- What the exercise asks -
The entries below are to be given back exactly, with images excluded.

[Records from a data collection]
────────────────

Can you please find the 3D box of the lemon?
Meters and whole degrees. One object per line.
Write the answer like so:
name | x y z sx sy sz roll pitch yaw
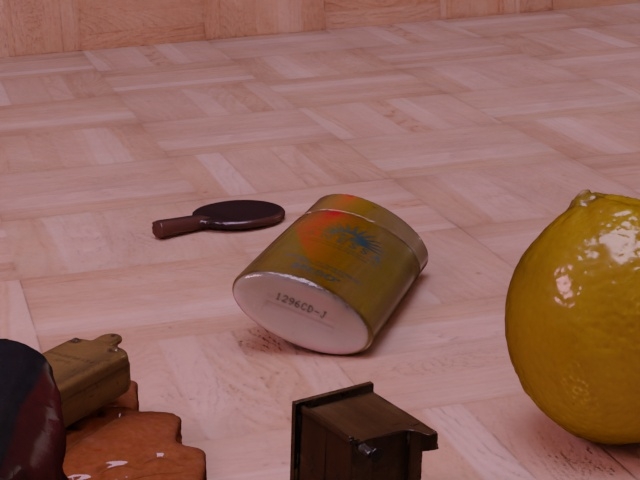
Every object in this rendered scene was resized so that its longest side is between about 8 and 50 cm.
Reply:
lemon | 0.229 0.059 1.234 0.178 0.203 0.178 -18 3 1

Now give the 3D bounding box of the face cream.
face cream | 0.020 0.027 1.579 0.139 0.067 0.285 23 21 8

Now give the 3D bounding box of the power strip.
power strip | -0.246 0.138 1.161 0.064 0.044 0.305 10 23 33

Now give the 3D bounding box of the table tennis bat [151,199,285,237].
table tennis bat | -0.121 -0.075 1.883 0.170 0.119 0.107 -12 18 -35

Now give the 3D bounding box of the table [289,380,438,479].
table | 0.031 0.157 1.129 0.070 0.083 0.082 -11 22 -34

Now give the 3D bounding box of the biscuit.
biscuit | -0.196 0.169 1.190 0.306 0.043 0.284 12 22 41

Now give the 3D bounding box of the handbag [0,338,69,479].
handbag | -0.225 0.177 0.924 0.181 0.181 0.254 -2 18 -2
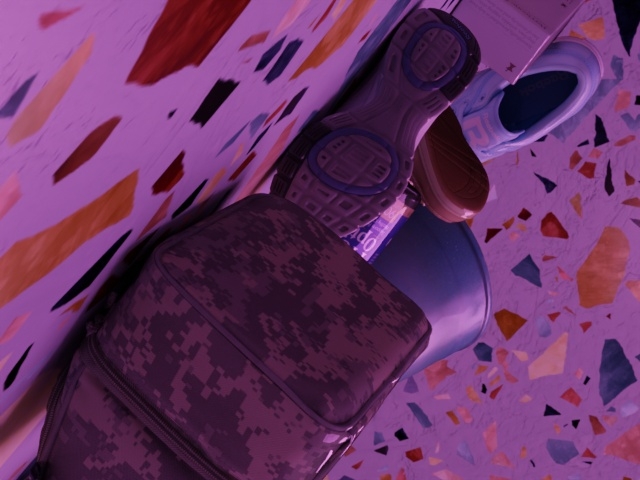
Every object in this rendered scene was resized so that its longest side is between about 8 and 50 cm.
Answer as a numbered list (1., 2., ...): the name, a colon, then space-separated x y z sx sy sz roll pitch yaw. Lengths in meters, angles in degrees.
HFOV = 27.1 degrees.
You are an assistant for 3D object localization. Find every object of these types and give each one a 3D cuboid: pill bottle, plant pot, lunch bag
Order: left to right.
1. lunch bag: -0.084 0.130 1.068 0.256 0.212 0.305 -53 175 22
2. pill bottle: 0.000 0.000 1.462 0.219 0.123 0.123 -52 176 7
3. plant pot: 0.031 0.078 1.664 0.255 0.272 0.272 -31 166 -33

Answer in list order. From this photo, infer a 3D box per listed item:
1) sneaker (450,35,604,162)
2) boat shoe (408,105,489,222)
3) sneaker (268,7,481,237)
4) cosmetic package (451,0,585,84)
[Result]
1. sneaker: 0.212 -0.166 1.817 0.366 0.135 0.150 -33 -176 18
2. boat shoe: 0.126 -0.096 1.585 0.089 0.104 0.285 -45 -156 21
3. sneaker: 0.047 -0.094 1.308 0.297 0.111 0.129 -48 -179 -23
4. cosmetic package: 0.251 -0.290 1.687 0.085 0.117 0.231 -54 176 30
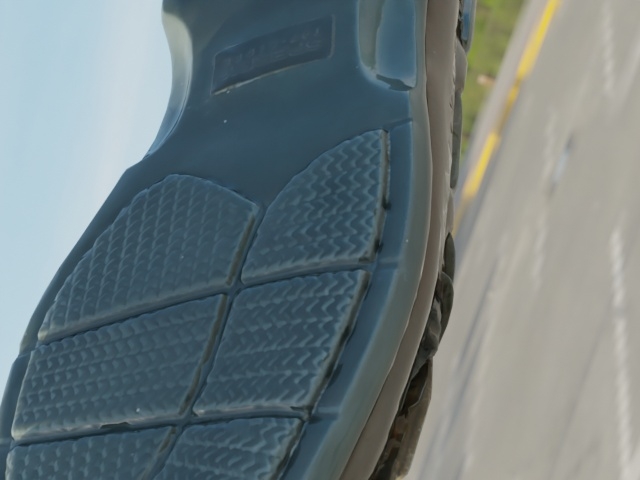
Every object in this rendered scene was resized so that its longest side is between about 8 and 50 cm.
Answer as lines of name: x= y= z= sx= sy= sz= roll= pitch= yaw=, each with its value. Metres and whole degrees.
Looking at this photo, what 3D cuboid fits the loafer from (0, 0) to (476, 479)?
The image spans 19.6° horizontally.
loafer: x=0.000 y=0.000 z=0.436 sx=0.084 sy=0.096 sz=0.267 roll=50 pitch=-139 yaw=-42
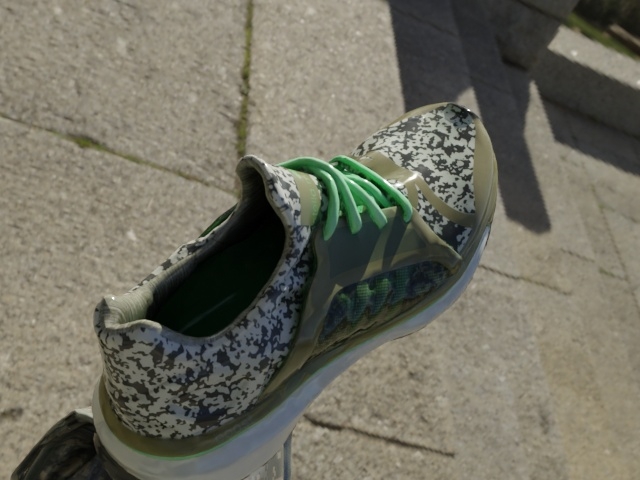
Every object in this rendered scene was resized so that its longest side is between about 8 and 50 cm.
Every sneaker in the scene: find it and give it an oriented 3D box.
[{"bbox_3d":[0.000,0.000,0.627,0.158,0.182,0.410,31,58,26],"label":"sneaker"}]

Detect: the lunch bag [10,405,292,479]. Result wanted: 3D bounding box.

────────────────

- Task solution -
Can you please find the 3D box of the lemon?
Meters and whole degrees. One object per line.
Write the answer like so:
name | x y z sx sy sz roll pitch yaw
Every object in this rendered scene was resized so that its longest side is between about 8 and 50 cm.
Reply:
lemon | 0.229 0.059 1.234 0.178 0.203 0.178 -18 3 1

Now give the 3D bounding box of the face cream.
face cream | 0.020 0.027 1.579 0.139 0.067 0.285 23 21 8

Now give the 3D bounding box of the power strip.
power strip | -0.246 0.138 1.161 0.064 0.044 0.305 10 23 33

Now give the 3D bounding box of the table tennis bat [151,199,285,237].
table tennis bat | -0.121 -0.075 1.883 0.170 0.119 0.107 -12 18 -35

Now give the 3D bounding box of the table [289,380,438,479].
table | 0.031 0.157 1.129 0.070 0.083 0.082 -11 22 -34

Now give the 3D bounding box of the biscuit.
biscuit | -0.196 0.169 1.190 0.306 0.043 0.284 12 22 41

Now give the 3D bounding box of the handbag [0,338,69,479].
handbag | -0.225 0.177 0.924 0.181 0.181 0.254 -2 18 -2
Every object in this rendered scene was resized so that its longest side is between about 8 and 50 cm.
Answer as a numbered list (1., 2., ...): the name, a colon, then space-separated x y z sx sy sz roll pitch yaw. Lengths in meters, angles in degrees.
HFOV = 27.1 degrees.
You are an assistant for 3D object localization. Find every object of these types and give each one a 3D cuboid: pill bottle, plant pot, lunch bag
Order: left to right.
1. lunch bag: -0.084 0.130 1.068 0.256 0.212 0.305 -53 175 22
2. pill bottle: 0.000 0.000 1.462 0.219 0.123 0.123 -52 176 7
3. plant pot: 0.031 0.078 1.664 0.255 0.272 0.272 -31 166 -33

Answer in list order. From this photo, infer a 3D box per listed item:
1) sneaker (450,35,604,162)
2) boat shoe (408,105,489,222)
3) sneaker (268,7,481,237)
4) cosmetic package (451,0,585,84)
[Result]
1. sneaker: 0.212 -0.166 1.817 0.366 0.135 0.150 -33 -176 18
2. boat shoe: 0.126 -0.096 1.585 0.089 0.104 0.285 -45 -156 21
3. sneaker: 0.047 -0.094 1.308 0.297 0.111 0.129 -48 -179 -23
4. cosmetic package: 0.251 -0.290 1.687 0.085 0.117 0.231 -54 176 30
Every object in this rendered scene was resized so that its longest side is between about 8 and 50 cm.
Answer as lines of name: x= y= z= sx= sy= sz= roll= pitch= yaw=, each with its value. Metres and whole degrees.
Looking at this photo, what 3D cuboid fits the loafer from (0, 0) to (476, 479)?
The image spans 19.6° horizontally.
loafer: x=0.000 y=0.000 z=0.436 sx=0.084 sy=0.096 sz=0.267 roll=50 pitch=-139 yaw=-42
Every object in this rendered scene was resized so that its longest side is between about 8 and 50 cm.
Every sneaker in the scene: find it and give it an oriented 3D box.
[{"bbox_3d":[0.000,0.000,0.627,0.158,0.182,0.410,31,58,26],"label":"sneaker"}]

Detect: the lunch bag [10,405,292,479]. Result wanted: 3D bounding box.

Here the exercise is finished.